What is more, Karen’s poorly developed internal unifying centre meant that the unitary mediation of inner processes that occurs through identification and disidentification with specific subpersonalities in psychologically healthy individuals was inoperative. There was no mechanism to mediate the total personality, and so her consciousness was prone to integrative failure. In such an enfeebled and unstable state a primal wound incising too deep will activate unconscious splitting, a phenomenon best understood as the formation of an inauthentic self able to operate from within a sequestered psychological stratum that embodies some phenomenological bifurcation of the trauma. Perusing Switching Time, we see that the traumatic threshold required for the formation of Karen’s false selves or alters was surpassed roughly seventeen times over the course of twelve years. If her alters were formed through severe empathic disruption, then it stands to reason that ensuing experiences of empathic reconnection could reamalgamate them and restore her consciousness to its original primal state. To be liberated from her primal wounds and the elaborate coping strategies they came packaged with she had to re-experience them; the false selves, these disowned aspects of Karen’s personal vulnerability and pain, needed to be recognized and accepted as her own. While there is a degree of danger when it comes to head-on collisions with primal wounds, a good therapist acting as a surrogate external unifying centre will always be able to contain the irrupting contents from overwhelming the analysand. Baer obviously succeeded in surmounting this challenge.

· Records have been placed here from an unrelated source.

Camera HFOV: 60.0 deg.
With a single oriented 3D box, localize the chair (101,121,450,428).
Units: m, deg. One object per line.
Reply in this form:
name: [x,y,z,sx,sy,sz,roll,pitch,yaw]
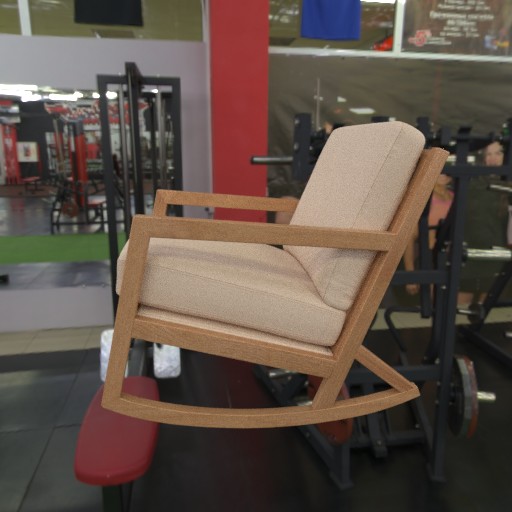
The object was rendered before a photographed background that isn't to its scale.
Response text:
chair: [0.000,0.000,1.385,0.857,0.790,0.622,-2,14,-7]
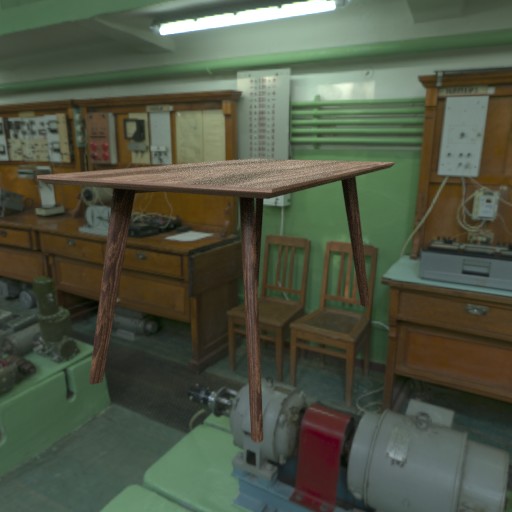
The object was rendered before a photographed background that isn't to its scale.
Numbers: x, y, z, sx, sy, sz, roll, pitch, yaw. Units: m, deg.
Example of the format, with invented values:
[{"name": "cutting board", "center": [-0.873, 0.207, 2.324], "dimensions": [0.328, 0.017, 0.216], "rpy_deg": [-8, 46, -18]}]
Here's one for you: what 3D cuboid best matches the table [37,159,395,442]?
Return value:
[{"name": "table", "center": [0.000, 0.000, 1.841], "dimensions": [0.801, 0.724, 1.349], "rpy_deg": [8, 17, 27]}]
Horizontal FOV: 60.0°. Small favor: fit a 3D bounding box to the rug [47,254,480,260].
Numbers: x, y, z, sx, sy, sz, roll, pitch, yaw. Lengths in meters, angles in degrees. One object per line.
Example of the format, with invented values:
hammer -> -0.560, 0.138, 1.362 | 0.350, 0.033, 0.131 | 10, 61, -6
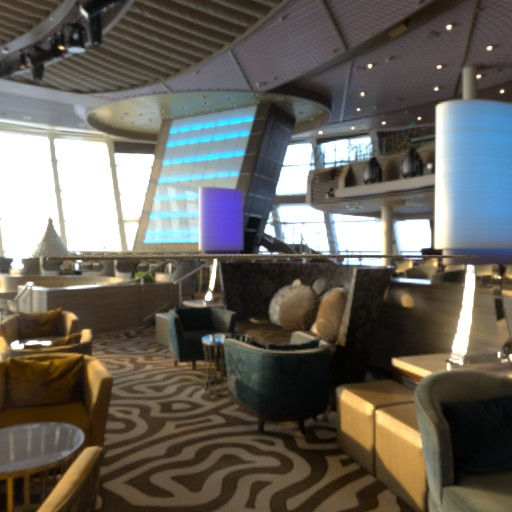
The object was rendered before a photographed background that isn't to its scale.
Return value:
rug -> 0.000, 0.000, 3.160 | 2.498, 0.022, 1.535 | 0, 1, -16
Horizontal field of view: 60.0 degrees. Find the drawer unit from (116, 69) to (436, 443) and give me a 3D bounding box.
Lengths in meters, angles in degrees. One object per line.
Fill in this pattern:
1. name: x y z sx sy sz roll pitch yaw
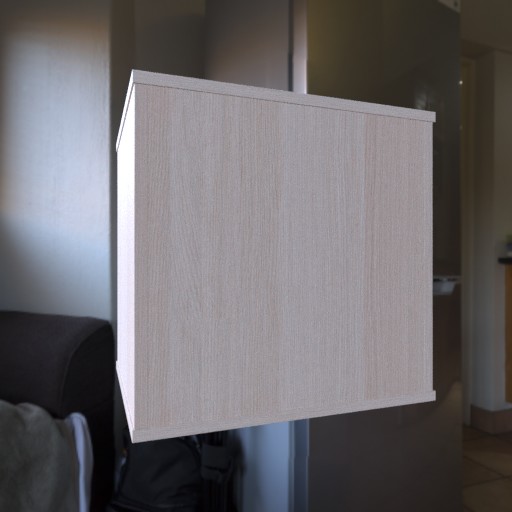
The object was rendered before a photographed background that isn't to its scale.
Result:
1. drawer unit: 0.000 0.000 0.603 0.349 0.344 0.290 0 0 -20
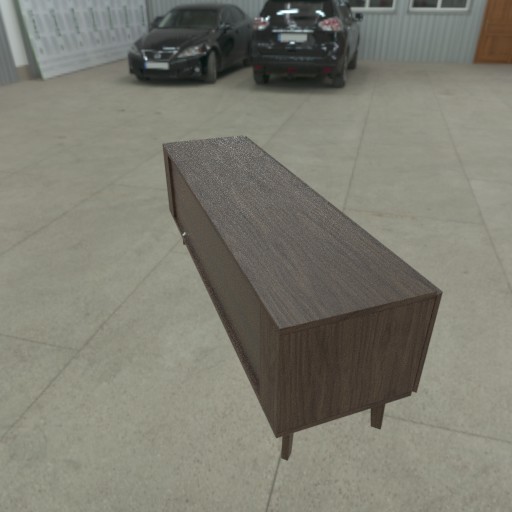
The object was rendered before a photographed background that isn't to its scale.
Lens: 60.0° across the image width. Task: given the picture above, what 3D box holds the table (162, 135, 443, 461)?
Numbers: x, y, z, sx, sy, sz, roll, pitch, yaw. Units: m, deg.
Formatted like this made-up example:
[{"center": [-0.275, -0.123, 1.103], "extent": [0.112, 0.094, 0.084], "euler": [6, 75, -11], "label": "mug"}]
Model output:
[{"center": [0.000, 0.000, 1.648], "extent": [0.405, 0.508, 1.397], "euler": [-10, 32, -17], "label": "table"}]
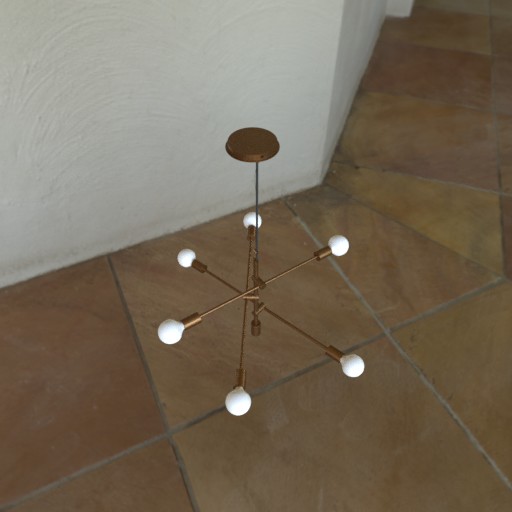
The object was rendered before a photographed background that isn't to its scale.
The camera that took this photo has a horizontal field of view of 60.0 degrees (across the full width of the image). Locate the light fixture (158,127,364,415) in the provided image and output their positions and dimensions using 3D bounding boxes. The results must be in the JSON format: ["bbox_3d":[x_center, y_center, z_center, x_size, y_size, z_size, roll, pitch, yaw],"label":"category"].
[{"bbox_3d":[0.000,0.000,1.253,0.637,0.744,0.682,-17,50,-15],"label":"light fixture"}]
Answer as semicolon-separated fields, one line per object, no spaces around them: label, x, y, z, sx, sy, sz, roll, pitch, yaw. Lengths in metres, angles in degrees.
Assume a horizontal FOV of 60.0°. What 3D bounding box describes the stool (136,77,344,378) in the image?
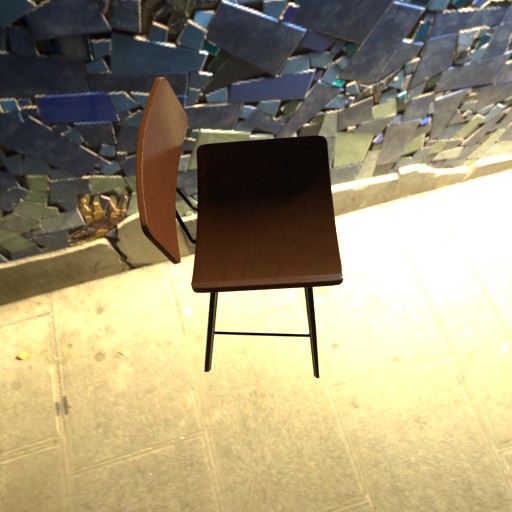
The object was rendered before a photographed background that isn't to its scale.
stool;0.000;0.000;1.256;0.440;0.969;0.509;-1;64;-1
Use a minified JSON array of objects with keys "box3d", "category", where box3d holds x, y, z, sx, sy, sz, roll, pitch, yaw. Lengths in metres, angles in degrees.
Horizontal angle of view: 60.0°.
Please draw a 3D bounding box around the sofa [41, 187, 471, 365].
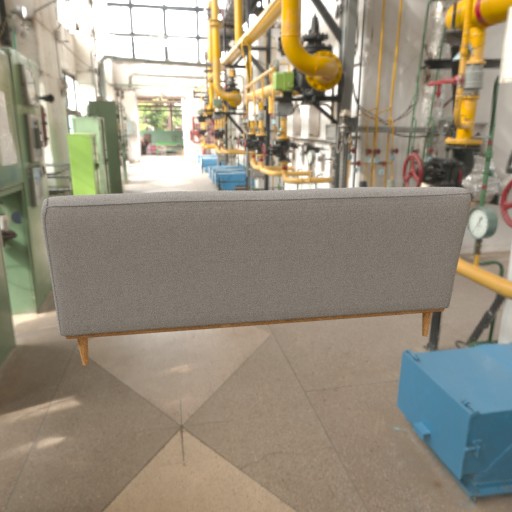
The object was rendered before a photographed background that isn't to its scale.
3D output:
[{"box3d":[0.000,0.000,2.558,2.057,0.871,0.978,-3,16,-10],"category":"sofa"}]
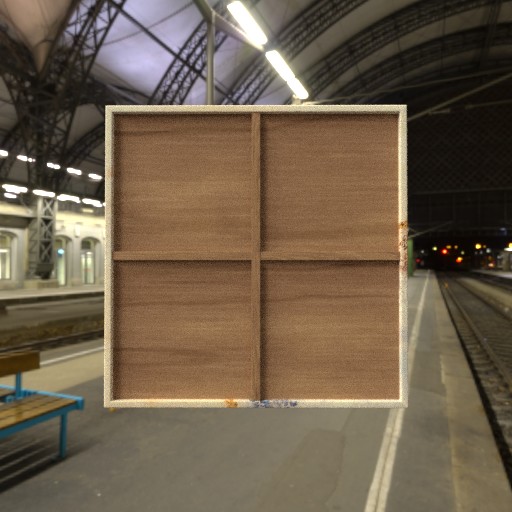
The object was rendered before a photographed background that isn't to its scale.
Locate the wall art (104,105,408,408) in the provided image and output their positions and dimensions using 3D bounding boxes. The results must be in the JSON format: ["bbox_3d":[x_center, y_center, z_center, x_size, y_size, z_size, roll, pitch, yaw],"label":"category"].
[{"bbox_3d":[0.000,0.000,1.319,0.889,0.889,0.038,0,-1,0],"label":"wall art"}]
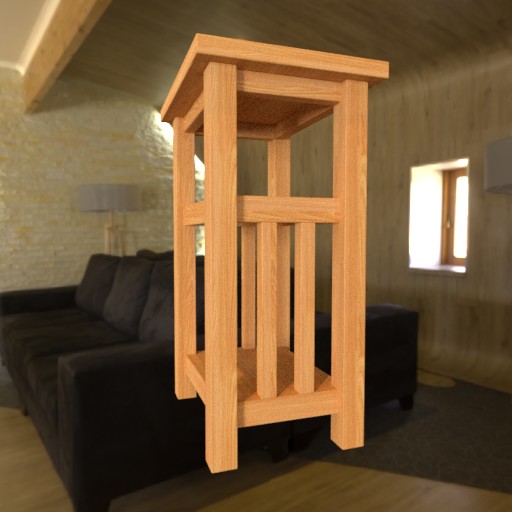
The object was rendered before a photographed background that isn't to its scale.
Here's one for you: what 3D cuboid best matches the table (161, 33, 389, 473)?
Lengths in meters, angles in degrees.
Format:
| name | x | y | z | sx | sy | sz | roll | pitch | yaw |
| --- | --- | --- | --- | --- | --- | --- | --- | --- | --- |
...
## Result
| name | x | y | z | sx | sy | sz | roll | pitch | yaw |
| --- | --- | --- | --- | --- | --- | --- | --- | --- | --- |
| table | 0.000 | 0.000 | 0.747 | 0.270 | 0.550 | 0.350 | -1 | 3 | -19 |
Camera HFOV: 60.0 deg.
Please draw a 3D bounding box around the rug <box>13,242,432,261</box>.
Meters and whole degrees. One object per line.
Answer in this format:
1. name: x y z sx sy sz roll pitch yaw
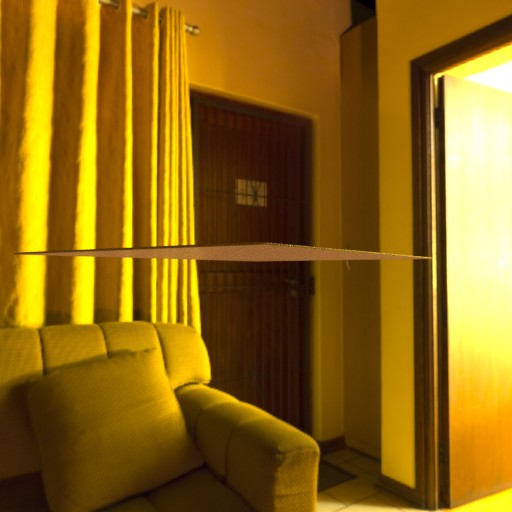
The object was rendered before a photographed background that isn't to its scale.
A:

Once all indecisions and doubts concerning the authenticity of the therapeutic relationship had been overcome, Karen agreed to Baer’s facilitation of a switch between false selves or alters through hypnotic induction. This specific session was initiated with some repetitive reaffirmations intended to relax and open up the channels of communication with the unconscious self and its wounded layers. Then he prompted Karen to disclose explicit details of any images that might be emerging. It seemed that her psyche-soma wished to reengage with aspects of her past, and it did. Every time Karen needed respite from nonempathic winds and diabolical snowstorms running rife in the household, she would hide in a small crevice underneath a flight of stairs that had been hollowed out for the purpose of repairing a broken pipe. There, she was consoled by a small troop of toys and dolls–the bells and whistles that complement the potter’s wheel of a child’s vivid imagination. In order to facilitate an encounter with her fragmented parts, Baer interjected this sentimental coming and going of childhood images and prompted the creative visualization of another door within the crawl space. Conforming to the trajectory of the narrative, Karen described it as a door with a series of padlocks on it. At Baer’s request she unbolted it, swung it wide open, and ventured outside where she was greeted by an array of shadowy figures. Within seconds, their physical characteristics become illuminated against the backdrop:

            “Can you describe them?”

            “…Different…different sizes… some are tall, some are short… children?”

            “How many?”

            Karen pauses. Is she counting?

            “Eleven,” she says.

            “What else?”

            “Some are telling me their names. There’s a man, he’s tall, he says his name is Holdon. There’s little Claire with Katherine. Katherine is thin and older. There’s a boy called the Angry One, and a girl-child in boy’s clothes. Holdon has his hand over the mouth of the Angry One.”

            I’m fascinated by what is happening to Karen, but I see she starts to squirm a little in her chair, as if she is becoming uncomfortable or becoming fatigued.

            “Would you like to return to your little room now?”

            Karen nods her head.

            “Why don’t you wave goodbye, and let them know you’ll return again soon.”[1]



[1] Baer, Richard, Switching Time: A Doctor’s Harrowing Story of Treating A Woman with Seventeen Personalities (New York, USA: Random House, 2008), pp. 105.